March 18, 2008

Global Warming, a Piece to a Larger Puzzle


Global Warming has become a hot button issue over the last few years. A vision of huge hurricanes, ice sheet loss, and extreme drought are brought up frequently in the media as the true story of global warming. But to truly understand global warming we must analyze it through the larger scope of climate change, because it is only one mechanism at work in large machine which drives the world's atmosphere.

In 1993 a paper came out detailing how radiation from the sun had decreased by 0.33% yearly from 1967-1986 (Stanhill and Moreshet). This was a little understood phenomena and in the past 15 years has been dubbed "global dimming". Global dimming has the opposite effect of global warming. As pollutants such as Sulphur Dioxide, soot, and ash are released in the air they collect with clouds causing a dense mass to form and reflect much of the suns light. This in turn causes the oceans to cool a bit and changes weather patterns.


A large effect of this was seen in the 1990's in Africa as the waters which regularly evaporated from the Northern Atlantic and brought upon the rainy season on the Sahel in Northern Africa disappeared. In a January 15, 2005 BBC documentary titled Horizon a chilling conclusion was offered: "what came out of our exhaust pipes and power stations [from Europe and North America] contributed to the deaths of a million people in Africa, and afflicted 50 million more" with hunger and starvation.

Scientists believe that Asia may be hit soon with effects from dimming. Every year the Indian subcontinent and Southeast Asia receive nourishing rains from a "monsoon season". If the evaporative mechanisms which produce these rains are altered the irrigation and sustenance of not only farming ventures but wildlife reserves may be threatened.


Another mechanism affecting dimming is called the "Contrail Effect" where the "condensation trails" of jets are leaving behind remnants that form cirrus clouds which block sunlight but also trap heat. Studies have shown that contrails from just six aircraft can expand to shroud some 7,700 square miles. Just after September 11, 2001 scientists had an opportunity of a lifetime to study the contrail effect as all commercial flights were grounded due to the terrorist attacks. During those three days that commercial aircraft were grounded the days had become warmer and the nights cooler, with the overall range greater by about two degrees Fahrenheit. David Travis of the University of Wisconsin-Whitewater and two colleagues measured the differences and say the results suggest "that contrails can suppress both daytime highs (by reflecting sunlight back to space) and nighttime lows (by trapping radiated heat)."

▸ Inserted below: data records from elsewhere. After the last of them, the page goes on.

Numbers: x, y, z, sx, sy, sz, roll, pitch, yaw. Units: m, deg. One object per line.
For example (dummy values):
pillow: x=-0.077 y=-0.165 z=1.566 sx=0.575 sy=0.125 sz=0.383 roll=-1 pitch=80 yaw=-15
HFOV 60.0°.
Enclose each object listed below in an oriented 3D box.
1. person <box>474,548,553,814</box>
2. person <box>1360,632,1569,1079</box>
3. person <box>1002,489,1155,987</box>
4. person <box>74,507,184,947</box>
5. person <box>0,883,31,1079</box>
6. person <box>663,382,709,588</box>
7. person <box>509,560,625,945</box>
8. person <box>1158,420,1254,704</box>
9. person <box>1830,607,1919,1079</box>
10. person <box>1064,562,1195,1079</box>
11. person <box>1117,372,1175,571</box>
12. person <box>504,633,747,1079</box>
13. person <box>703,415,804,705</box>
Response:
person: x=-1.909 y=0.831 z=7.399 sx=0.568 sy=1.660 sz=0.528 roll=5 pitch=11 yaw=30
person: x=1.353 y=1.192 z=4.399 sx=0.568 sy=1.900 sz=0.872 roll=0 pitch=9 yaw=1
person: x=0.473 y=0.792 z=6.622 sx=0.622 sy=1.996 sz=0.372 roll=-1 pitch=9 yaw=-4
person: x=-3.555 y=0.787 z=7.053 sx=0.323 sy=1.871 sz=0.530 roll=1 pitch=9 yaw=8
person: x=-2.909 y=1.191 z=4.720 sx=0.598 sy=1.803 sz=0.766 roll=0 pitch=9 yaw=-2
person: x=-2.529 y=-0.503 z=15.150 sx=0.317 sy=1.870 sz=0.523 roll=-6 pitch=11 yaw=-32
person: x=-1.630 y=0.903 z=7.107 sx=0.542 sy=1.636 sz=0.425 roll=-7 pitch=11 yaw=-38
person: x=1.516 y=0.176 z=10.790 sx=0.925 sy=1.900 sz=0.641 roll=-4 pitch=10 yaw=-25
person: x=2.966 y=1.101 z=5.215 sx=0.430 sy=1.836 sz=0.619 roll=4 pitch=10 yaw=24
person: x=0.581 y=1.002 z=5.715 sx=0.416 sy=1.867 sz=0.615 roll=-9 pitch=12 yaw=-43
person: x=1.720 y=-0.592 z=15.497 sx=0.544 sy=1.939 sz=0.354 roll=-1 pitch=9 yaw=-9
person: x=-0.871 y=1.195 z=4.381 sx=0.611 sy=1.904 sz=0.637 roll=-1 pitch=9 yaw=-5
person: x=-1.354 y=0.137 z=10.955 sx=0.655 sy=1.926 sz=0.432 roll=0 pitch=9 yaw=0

In skies usually crosshatched with condensation trails, the only contrails seen in this image from September 12, 2001, were left by the plane returning President Bush to Washington from Nebraska and several escort fighters (image credit: NASA).

In this true-color satellite image shot above northwestern Europe, the contrast between skies with contrails and those without offers a striking sense of the influence these pseudo clouds might have on regional climate.

This phenomena of global dimming is not the hot new issue or the latest thinking about global climate change, it is simply a cog in the understanding of how our climate is shaped and what we are doing to alter its natural cycles. This is the same way we should consider global warming. Everything we throw into the atmosphere is going to have a different effect with secondary and tertiary cascading effects which we may not understand for another 20 years. There are going to be mechanisms discovered which will shift the way we think about global warming and dimming, and that in turn will shape what we know about climate.

Fire and brimstone fear induction should stop now. This is something that is serious and with enough research our scientists will begin to understand the complex workings of our climate. But it is important to realize that we are affecting the world around us and that everyone, whether you are rich or poor, or republican or democrat, needs to agree that right now the Earth provides for us very well and we have to make an effort to maintain our relationship with that equilibrium or be forced to adapt when our safety net of normality is shifted. The reality is that the public needs to be aware that we may face a global crisis very soon because of our interaction with the planet, for millions of years the Earth has shielded our fragile bodies from the harshest of conditions and let us tread on favorable ground. But now we must show the same respect and care that has been given to us, we are a powerful force with the overreaching ability to manipulate and alter our surroundings. Attention must be paid to how we tread and our minds must be open to new discoveries and a shift in the way we think.